But if you’ve exhausted your allotment of federal loans, private loans can come in handy, and in some cases, you could even get a lower interest rate.

What is a private student loan, and why get one?

Private student loans are a way to finance your education through a private lender. These lenders operate outside of the Department of Education, which offers federal student loans. Students take out private student loans to help pay for tuition, fees, room and board, transportation and more. While private student loans do charge interest — adding to the overall cost of your education — they’re often necessary after borrowers have exhausted scholarship, grant, work-study and federal student loan opportunities.

In most cases, college students should turn to federal student loans first if they need help financing their education. This is primarily because federal loans give you access to income-driven repayment plans and loan forgiveness programs, but also because there’s no credit check for most loans, and everyone who qualifies gets the same interest rate.

So why get a private student loan? Most federal loans limit how much you can borrow each year and in total. Depending on how much your educational expenses are, you may run out of your allotment, and private loans can be a good way to bridge the gap. And for parents and graduate students who have built a good credit history, private student loans could end up being cheaper than federal loans.

Private student loans vs. federal student loans

Private student loans Federal student loans
Standardized interest rates No Yes
Fixed and variable rates Yes No
Upfront loan fee Generally no Yes
Requires a credit check Yes Mostly no
Requires a co-signer Generally yes Generally no
Access to loan forgiveness programs No Yes
Access to income-driven repayment plans Generally no Yes
Loan limits Typically up to your total cost of attendance Varies by loan program

Benefits of private student loans

In the right situation, private student loans can have some clear benefits. Here are some to keep in mind.

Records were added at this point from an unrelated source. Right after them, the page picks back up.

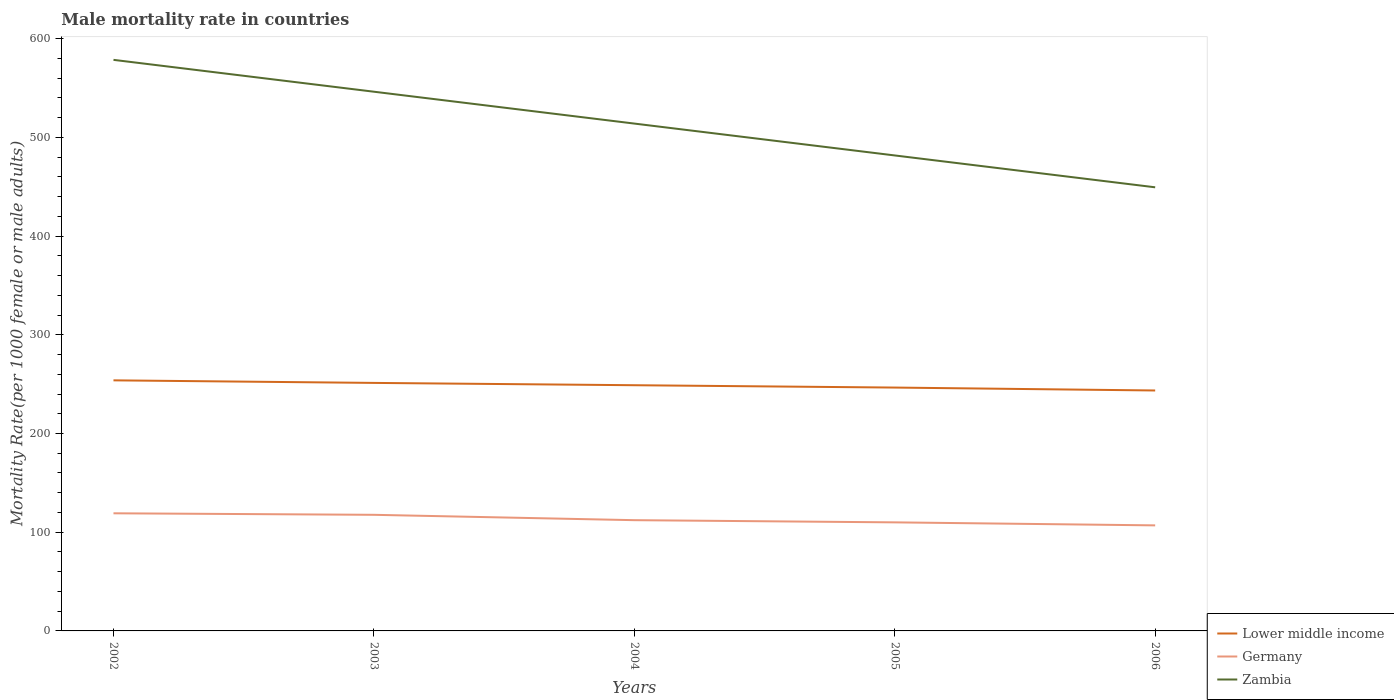How many different coloured lines are there?
Your response must be concise. 3. Does the line corresponding to Germany intersect with the line corresponding to Zambia?
Give a very brief answer. No. Is the number of lines equal to the number of legend labels?
Your answer should be compact. Yes. Across all years, what is the maximum male mortality rate in Lower middle income?
Your answer should be very brief. 243.57. What is the total male mortality rate in Germany in the graph?
Make the answer very short. 2.21. What is the difference between the highest and the second highest male mortality rate in Zambia?
Offer a very short reply. 129.11. What is the difference between two consecutive major ticks on the Y-axis?
Offer a very short reply. 100. Does the graph contain grids?
Offer a very short reply. No. How are the legend labels stacked?
Provide a short and direct response. Vertical. What is the title of the graph?
Offer a terse response. Male mortality rate in countries. What is the label or title of the X-axis?
Keep it short and to the point. Years. What is the label or title of the Y-axis?
Make the answer very short. Mortality Rate(per 1000 female or male adults). What is the Mortality Rate(per 1000 female or male adults) in Lower middle income in 2002?
Provide a short and direct response. 253.84. What is the Mortality Rate(per 1000 female or male adults) of Germany in 2002?
Keep it short and to the point. 119.16. What is the Mortality Rate(per 1000 female or male adults) of Zambia in 2002?
Your response must be concise. 578.52. What is the Mortality Rate(per 1000 female or male adults) in Lower middle income in 2003?
Make the answer very short. 251.25. What is the Mortality Rate(per 1000 female or male adults) of Germany in 2003?
Ensure brevity in your answer.  117.62. What is the Mortality Rate(per 1000 female or male adults) of Zambia in 2003?
Ensure brevity in your answer.  546.24. What is the Mortality Rate(per 1000 female or male adults) in Lower middle income in 2004?
Provide a short and direct response. 248.9. What is the Mortality Rate(per 1000 female or male adults) in Germany in 2004?
Ensure brevity in your answer.  112.2. What is the Mortality Rate(per 1000 female or male adults) in Zambia in 2004?
Offer a very short reply. 513.96. What is the Mortality Rate(per 1000 female or male adults) of Lower middle income in 2005?
Your answer should be very brief. 246.53. What is the Mortality Rate(per 1000 female or male adults) of Germany in 2005?
Your answer should be compact. 109.98. What is the Mortality Rate(per 1000 female or male adults) in Zambia in 2005?
Keep it short and to the point. 481.68. What is the Mortality Rate(per 1000 female or male adults) in Lower middle income in 2006?
Provide a short and direct response. 243.57. What is the Mortality Rate(per 1000 female or male adults) of Germany in 2006?
Ensure brevity in your answer.  106.92. What is the Mortality Rate(per 1000 female or male adults) in Zambia in 2006?
Offer a terse response. 449.41. Across all years, what is the maximum Mortality Rate(per 1000 female or male adults) in Lower middle income?
Make the answer very short. 253.84. Across all years, what is the maximum Mortality Rate(per 1000 female or male adults) of Germany?
Provide a short and direct response. 119.16. Across all years, what is the maximum Mortality Rate(per 1000 female or male adults) in Zambia?
Keep it short and to the point. 578.52. Across all years, what is the minimum Mortality Rate(per 1000 female or male adults) in Lower middle income?
Keep it short and to the point. 243.57. Across all years, what is the minimum Mortality Rate(per 1000 female or male adults) of Germany?
Keep it short and to the point. 106.92. Across all years, what is the minimum Mortality Rate(per 1000 female or male adults) in Zambia?
Your answer should be very brief. 449.41. What is the total Mortality Rate(per 1000 female or male adults) of Lower middle income in the graph?
Your answer should be very brief. 1244.09. What is the total Mortality Rate(per 1000 female or male adults) in Germany in the graph?
Keep it short and to the point. 565.88. What is the total Mortality Rate(per 1000 female or male adults) in Zambia in the graph?
Ensure brevity in your answer.  2569.81. What is the difference between the Mortality Rate(per 1000 female or male adults) in Lower middle income in 2002 and that in 2003?
Your response must be concise. 2.59. What is the difference between the Mortality Rate(per 1000 female or male adults) of Germany in 2002 and that in 2003?
Make the answer very short. 1.54. What is the difference between the Mortality Rate(per 1000 female or male adults) of Zambia in 2002 and that in 2003?
Your response must be concise. 32.28. What is the difference between the Mortality Rate(per 1000 female or male adults) of Lower middle income in 2002 and that in 2004?
Ensure brevity in your answer.  4.94. What is the difference between the Mortality Rate(per 1000 female or male adults) of Germany in 2002 and that in 2004?
Your answer should be very brief. 6.96. What is the difference between the Mortality Rate(per 1000 female or male adults) of Zambia in 2002 and that in 2004?
Keep it short and to the point. 64.56. What is the difference between the Mortality Rate(per 1000 female or male adults) of Lower middle income in 2002 and that in 2005?
Provide a short and direct response. 7.31. What is the difference between the Mortality Rate(per 1000 female or male adults) of Germany in 2002 and that in 2005?
Ensure brevity in your answer.  9.18. What is the difference between the Mortality Rate(per 1000 female or male adults) in Zambia in 2002 and that in 2005?
Offer a terse response. 96.83. What is the difference between the Mortality Rate(per 1000 female or male adults) in Lower middle income in 2002 and that in 2006?
Make the answer very short. 10.27. What is the difference between the Mortality Rate(per 1000 female or male adults) of Germany in 2002 and that in 2006?
Ensure brevity in your answer.  12.24. What is the difference between the Mortality Rate(per 1000 female or male adults) of Zambia in 2002 and that in 2006?
Your answer should be compact. 129.11. What is the difference between the Mortality Rate(per 1000 female or male adults) in Lower middle income in 2003 and that in 2004?
Offer a very short reply. 2.35. What is the difference between the Mortality Rate(per 1000 female or male adults) of Germany in 2003 and that in 2004?
Offer a terse response. 5.43. What is the difference between the Mortality Rate(per 1000 female or male adults) in Zambia in 2003 and that in 2004?
Provide a succinct answer. 32.28. What is the difference between the Mortality Rate(per 1000 female or male adults) of Lower middle income in 2003 and that in 2005?
Your response must be concise. 4.72. What is the difference between the Mortality Rate(per 1000 female or male adults) of Germany in 2003 and that in 2005?
Offer a terse response. 7.64. What is the difference between the Mortality Rate(per 1000 female or male adults) in Zambia in 2003 and that in 2005?
Make the answer very short. 64.56. What is the difference between the Mortality Rate(per 1000 female or male adults) of Lower middle income in 2003 and that in 2006?
Offer a terse response. 7.68. What is the difference between the Mortality Rate(per 1000 female or male adults) in Zambia in 2003 and that in 2006?
Provide a short and direct response. 96.83. What is the difference between the Mortality Rate(per 1000 female or male adults) in Lower middle income in 2004 and that in 2005?
Offer a terse response. 2.37. What is the difference between the Mortality Rate(per 1000 female or male adults) in Germany in 2004 and that in 2005?
Offer a terse response. 2.21. What is the difference between the Mortality Rate(per 1000 female or male adults) in Zambia in 2004 and that in 2005?
Keep it short and to the point. 32.28. What is the difference between the Mortality Rate(per 1000 female or male adults) in Lower middle income in 2004 and that in 2006?
Give a very brief answer. 5.33. What is the difference between the Mortality Rate(per 1000 female or male adults) of Germany in 2004 and that in 2006?
Offer a very short reply. 5.27. What is the difference between the Mortality Rate(per 1000 female or male adults) of Zambia in 2004 and that in 2006?
Provide a short and direct response. 64.56. What is the difference between the Mortality Rate(per 1000 female or male adults) in Lower middle income in 2005 and that in 2006?
Make the answer very short. 2.96. What is the difference between the Mortality Rate(per 1000 female or male adults) of Germany in 2005 and that in 2006?
Provide a succinct answer. 3.06. What is the difference between the Mortality Rate(per 1000 female or male adults) in Zambia in 2005 and that in 2006?
Your answer should be compact. 32.28. What is the difference between the Mortality Rate(per 1000 female or male adults) in Lower middle income in 2002 and the Mortality Rate(per 1000 female or male adults) in Germany in 2003?
Give a very brief answer. 136.21. What is the difference between the Mortality Rate(per 1000 female or male adults) of Lower middle income in 2002 and the Mortality Rate(per 1000 female or male adults) of Zambia in 2003?
Offer a very short reply. -292.4. What is the difference between the Mortality Rate(per 1000 female or male adults) of Germany in 2002 and the Mortality Rate(per 1000 female or male adults) of Zambia in 2003?
Ensure brevity in your answer.  -427.08. What is the difference between the Mortality Rate(per 1000 female or male adults) of Lower middle income in 2002 and the Mortality Rate(per 1000 female or male adults) of Germany in 2004?
Keep it short and to the point. 141.64. What is the difference between the Mortality Rate(per 1000 female or male adults) in Lower middle income in 2002 and the Mortality Rate(per 1000 female or male adults) in Zambia in 2004?
Offer a very short reply. -260.12. What is the difference between the Mortality Rate(per 1000 female or male adults) in Germany in 2002 and the Mortality Rate(per 1000 female or male adults) in Zambia in 2004?
Keep it short and to the point. -394.8. What is the difference between the Mortality Rate(per 1000 female or male adults) of Lower middle income in 2002 and the Mortality Rate(per 1000 female or male adults) of Germany in 2005?
Make the answer very short. 143.85. What is the difference between the Mortality Rate(per 1000 female or male adults) in Lower middle income in 2002 and the Mortality Rate(per 1000 female or male adults) in Zambia in 2005?
Make the answer very short. -227.85. What is the difference between the Mortality Rate(per 1000 female or male adults) in Germany in 2002 and the Mortality Rate(per 1000 female or male adults) in Zambia in 2005?
Keep it short and to the point. -362.52. What is the difference between the Mortality Rate(per 1000 female or male adults) of Lower middle income in 2002 and the Mortality Rate(per 1000 female or male adults) of Germany in 2006?
Provide a succinct answer. 146.91. What is the difference between the Mortality Rate(per 1000 female or male adults) in Lower middle income in 2002 and the Mortality Rate(per 1000 female or male adults) in Zambia in 2006?
Provide a succinct answer. -195.57. What is the difference between the Mortality Rate(per 1000 female or male adults) in Germany in 2002 and the Mortality Rate(per 1000 female or male adults) in Zambia in 2006?
Offer a terse response. -330.25. What is the difference between the Mortality Rate(per 1000 female or male adults) in Lower middle income in 2003 and the Mortality Rate(per 1000 female or male adults) in Germany in 2004?
Your answer should be very brief. 139.06. What is the difference between the Mortality Rate(per 1000 female or male adults) in Lower middle income in 2003 and the Mortality Rate(per 1000 female or male adults) in Zambia in 2004?
Keep it short and to the point. -262.71. What is the difference between the Mortality Rate(per 1000 female or male adults) of Germany in 2003 and the Mortality Rate(per 1000 female or male adults) of Zambia in 2004?
Make the answer very short. -396.34. What is the difference between the Mortality Rate(per 1000 female or male adults) in Lower middle income in 2003 and the Mortality Rate(per 1000 female or male adults) in Germany in 2005?
Ensure brevity in your answer.  141.27. What is the difference between the Mortality Rate(per 1000 female or male adults) in Lower middle income in 2003 and the Mortality Rate(per 1000 female or male adults) in Zambia in 2005?
Make the answer very short. -230.43. What is the difference between the Mortality Rate(per 1000 female or male adults) in Germany in 2003 and the Mortality Rate(per 1000 female or male adults) in Zambia in 2005?
Offer a terse response. -364.06. What is the difference between the Mortality Rate(per 1000 female or male adults) in Lower middle income in 2003 and the Mortality Rate(per 1000 female or male adults) in Germany in 2006?
Keep it short and to the point. 144.33. What is the difference between the Mortality Rate(per 1000 female or male adults) of Lower middle income in 2003 and the Mortality Rate(per 1000 female or male adults) of Zambia in 2006?
Your response must be concise. -198.15. What is the difference between the Mortality Rate(per 1000 female or male adults) of Germany in 2003 and the Mortality Rate(per 1000 female or male adults) of Zambia in 2006?
Keep it short and to the point. -331.78. What is the difference between the Mortality Rate(per 1000 female or male adults) in Lower middle income in 2004 and the Mortality Rate(per 1000 female or male adults) in Germany in 2005?
Your answer should be very brief. 138.92. What is the difference between the Mortality Rate(per 1000 female or male adults) in Lower middle income in 2004 and the Mortality Rate(per 1000 female or male adults) in Zambia in 2005?
Your answer should be compact. -232.78. What is the difference between the Mortality Rate(per 1000 female or male adults) in Germany in 2004 and the Mortality Rate(per 1000 female or male adults) in Zambia in 2005?
Ensure brevity in your answer.  -369.49. What is the difference between the Mortality Rate(per 1000 female or male adults) in Lower middle income in 2004 and the Mortality Rate(per 1000 female or male adults) in Germany in 2006?
Offer a very short reply. 141.98. What is the difference between the Mortality Rate(per 1000 female or male adults) in Lower middle income in 2004 and the Mortality Rate(per 1000 female or male adults) in Zambia in 2006?
Your answer should be compact. -200.5. What is the difference between the Mortality Rate(per 1000 female or male adults) of Germany in 2004 and the Mortality Rate(per 1000 female or male adults) of Zambia in 2006?
Offer a very short reply. -337.21. What is the difference between the Mortality Rate(per 1000 female or male adults) of Lower middle income in 2005 and the Mortality Rate(per 1000 female or male adults) of Germany in 2006?
Provide a short and direct response. 139.61. What is the difference between the Mortality Rate(per 1000 female or male adults) in Lower middle income in 2005 and the Mortality Rate(per 1000 female or male adults) in Zambia in 2006?
Provide a short and direct response. -202.87. What is the difference between the Mortality Rate(per 1000 female or male adults) in Germany in 2005 and the Mortality Rate(per 1000 female or male adults) in Zambia in 2006?
Ensure brevity in your answer.  -339.42. What is the average Mortality Rate(per 1000 female or male adults) in Lower middle income per year?
Your response must be concise. 248.82. What is the average Mortality Rate(per 1000 female or male adults) in Germany per year?
Your answer should be very brief. 113.18. What is the average Mortality Rate(per 1000 female or male adults) of Zambia per year?
Your response must be concise. 513.96. In the year 2002, what is the difference between the Mortality Rate(per 1000 female or male adults) in Lower middle income and Mortality Rate(per 1000 female or male adults) in Germany?
Make the answer very short. 134.68. In the year 2002, what is the difference between the Mortality Rate(per 1000 female or male adults) of Lower middle income and Mortality Rate(per 1000 female or male adults) of Zambia?
Your answer should be compact. -324.68. In the year 2002, what is the difference between the Mortality Rate(per 1000 female or male adults) of Germany and Mortality Rate(per 1000 female or male adults) of Zambia?
Keep it short and to the point. -459.36. In the year 2003, what is the difference between the Mortality Rate(per 1000 female or male adults) of Lower middle income and Mortality Rate(per 1000 female or male adults) of Germany?
Make the answer very short. 133.63. In the year 2003, what is the difference between the Mortality Rate(per 1000 female or male adults) in Lower middle income and Mortality Rate(per 1000 female or male adults) in Zambia?
Ensure brevity in your answer.  -294.99. In the year 2003, what is the difference between the Mortality Rate(per 1000 female or male adults) of Germany and Mortality Rate(per 1000 female or male adults) of Zambia?
Keep it short and to the point. -428.62. In the year 2004, what is the difference between the Mortality Rate(per 1000 female or male adults) in Lower middle income and Mortality Rate(per 1000 female or male adults) in Germany?
Give a very brief answer. 136.71. In the year 2004, what is the difference between the Mortality Rate(per 1000 female or male adults) in Lower middle income and Mortality Rate(per 1000 female or male adults) in Zambia?
Make the answer very short. -265.06. In the year 2004, what is the difference between the Mortality Rate(per 1000 female or male adults) of Germany and Mortality Rate(per 1000 female or male adults) of Zambia?
Your answer should be very brief. -401.77. In the year 2005, what is the difference between the Mortality Rate(per 1000 female or male adults) of Lower middle income and Mortality Rate(per 1000 female or male adults) of Germany?
Provide a short and direct response. 136.55. In the year 2005, what is the difference between the Mortality Rate(per 1000 female or male adults) of Lower middle income and Mortality Rate(per 1000 female or male adults) of Zambia?
Keep it short and to the point. -235.15. In the year 2005, what is the difference between the Mortality Rate(per 1000 female or male adults) of Germany and Mortality Rate(per 1000 female or male adults) of Zambia?
Your answer should be compact. -371.7. In the year 2006, what is the difference between the Mortality Rate(per 1000 female or male adults) of Lower middle income and Mortality Rate(per 1000 female or male adults) of Germany?
Make the answer very short. 136.65. In the year 2006, what is the difference between the Mortality Rate(per 1000 female or male adults) of Lower middle income and Mortality Rate(per 1000 female or male adults) of Zambia?
Provide a short and direct response. -205.84. In the year 2006, what is the difference between the Mortality Rate(per 1000 female or male adults) of Germany and Mortality Rate(per 1000 female or male adults) of Zambia?
Make the answer very short. -342.48. What is the ratio of the Mortality Rate(per 1000 female or male adults) in Lower middle income in 2002 to that in 2003?
Provide a succinct answer. 1.01. What is the ratio of the Mortality Rate(per 1000 female or male adults) of Germany in 2002 to that in 2003?
Provide a short and direct response. 1.01. What is the ratio of the Mortality Rate(per 1000 female or male adults) of Zambia in 2002 to that in 2003?
Give a very brief answer. 1.06. What is the ratio of the Mortality Rate(per 1000 female or male adults) in Lower middle income in 2002 to that in 2004?
Keep it short and to the point. 1.02. What is the ratio of the Mortality Rate(per 1000 female or male adults) in Germany in 2002 to that in 2004?
Ensure brevity in your answer.  1.06. What is the ratio of the Mortality Rate(per 1000 female or male adults) in Zambia in 2002 to that in 2004?
Provide a short and direct response. 1.13. What is the ratio of the Mortality Rate(per 1000 female or male adults) of Lower middle income in 2002 to that in 2005?
Provide a short and direct response. 1.03. What is the ratio of the Mortality Rate(per 1000 female or male adults) of Germany in 2002 to that in 2005?
Give a very brief answer. 1.08. What is the ratio of the Mortality Rate(per 1000 female or male adults) in Zambia in 2002 to that in 2005?
Ensure brevity in your answer.  1.2. What is the ratio of the Mortality Rate(per 1000 female or male adults) of Lower middle income in 2002 to that in 2006?
Offer a very short reply. 1.04. What is the ratio of the Mortality Rate(per 1000 female or male adults) of Germany in 2002 to that in 2006?
Keep it short and to the point. 1.11. What is the ratio of the Mortality Rate(per 1000 female or male adults) of Zambia in 2002 to that in 2006?
Offer a very short reply. 1.29. What is the ratio of the Mortality Rate(per 1000 female or male adults) of Lower middle income in 2003 to that in 2004?
Ensure brevity in your answer.  1.01. What is the ratio of the Mortality Rate(per 1000 female or male adults) of Germany in 2003 to that in 2004?
Give a very brief answer. 1.05. What is the ratio of the Mortality Rate(per 1000 female or male adults) in Zambia in 2003 to that in 2004?
Provide a succinct answer. 1.06. What is the ratio of the Mortality Rate(per 1000 female or male adults) in Lower middle income in 2003 to that in 2005?
Offer a terse response. 1.02. What is the ratio of the Mortality Rate(per 1000 female or male adults) of Germany in 2003 to that in 2005?
Your answer should be compact. 1.07. What is the ratio of the Mortality Rate(per 1000 female or male adults) of Zambia in 2003 to that in 2005?
Make the answer very short. 1.13. What is the ratio of the Mortality Rate(per 1000 female or male adults) in Lower middle income in 2003 to that in 2006?
Make the answer very short. 1.03. What is the ratio of the Mortality Rate(per 1000 female or male adults) in Germany in 2003 to that in 2006?
Offer a very short reply. 1.1. What is the ratio of the Mortality Rate(per 1000 female or male adults) of Zambia in 2003 to that in 2006?
Your answer should be compact. 1.22. What is the ratio of the Mortality Rate(per 1000 female or male adults) in Lower middle income in 2004 to that in 2005?
Make the answer very short. 1.01. What is the ratio of the Mortality Rate(per 1000 female or male adults) of Germany in 2004 to that in 2005?
Offer a terse response. 1.02. What is the ratio of the Mortality Rate(per 1000 female or male adults) in Zambia in 2004 to that in 2005?
Provide a succinct answer. 1.07. What is the ratio of the Mortality Rate(per 1000 female or male adults) of Lower middle income in 2004 to that in 2006?
Keep it short and to the point. 1.02. What is the ratio of the Mortality Rate(per 1000 female or male adults) of Germany in 2004 to that in 2006?
Your answer should be very brief. 1.05. What is the ratio of the Mortality Rate(per 1000 female or male adults) in Zambia in 2004 to that in 2006?
Keep it short and to the point. 1.14. What is the ratio of the Mortality Rate(per 1000 female or male adults) of Lower middle income in 2005 to that in 2006?
Your answer should be very brief. 1.01. What is the ratio of the Mortality Rate(per 1000 female or male adults) in Germany in 2005 to that in 2006?
Your answer should be compact. 1.03. What is the ratio of the Mortality Rate(per 1000 female or male adults) in Zambia in 2005 to that in 2006?
Your answer should be compact. 1.07. What is the difference between the highest and the second highest Mortality Rate(per 1000 female or male adults) in Lower middle income?
Your response must be concise. 2.59. What is the difference between the highest and the second highest Mortality Rate(per 1000 female or male adults) of Germany?
Give a very brief answer. 1.54. What is the difference between the highest and the second highest Mortality Rate(per 1000 female or male adults) of Zambia?
Make the answer very short. 32.28. What is the difference between the highest and the lowest Mortality Rate(per 1000 female or male adults) of Lower middle income?
Your answer should be very brief. 10.27. What is the difference between the highest and the lowest Mortality Rate(per 1000 female or male adults) in Germany?
Offer a very short reply. 12.24. What is the difference between the highest and the lowest Mortality Rate(per 1000 female or male adults) in Zambia?
Offer a very short reply. 129.11.

Can be cheaper than federal loans

If you’re an undergraduate student, you likely won’t find anything cheaper than a federal student loan, especially if you haven’t had the chance to build a credit history. But graduate and parent loans through the Department of Education are pricier than undergraduate loans, both with interest rates and the upfront loan fee.

If you have a solid income and a high credit score, you could potentially score a lower interest rate than what the federal government charges. Also, private student lenders typically don’t charge an upfront fee.

Depending on the situation, it’s good to compare what you might qualify for with private lenders and what the federal government offers.

Higher borrowing limits

If you’re attending an expensive school, you may not get the amount you need if you only go through the federal government for student loans.

If you’re an undergraduate student, for instance, you can borrow between $5,500 and $12,500 per year, depending on your year in school and dependent status. The lifetime maximum is $31,000 for dependent students and $57,500 for independent students.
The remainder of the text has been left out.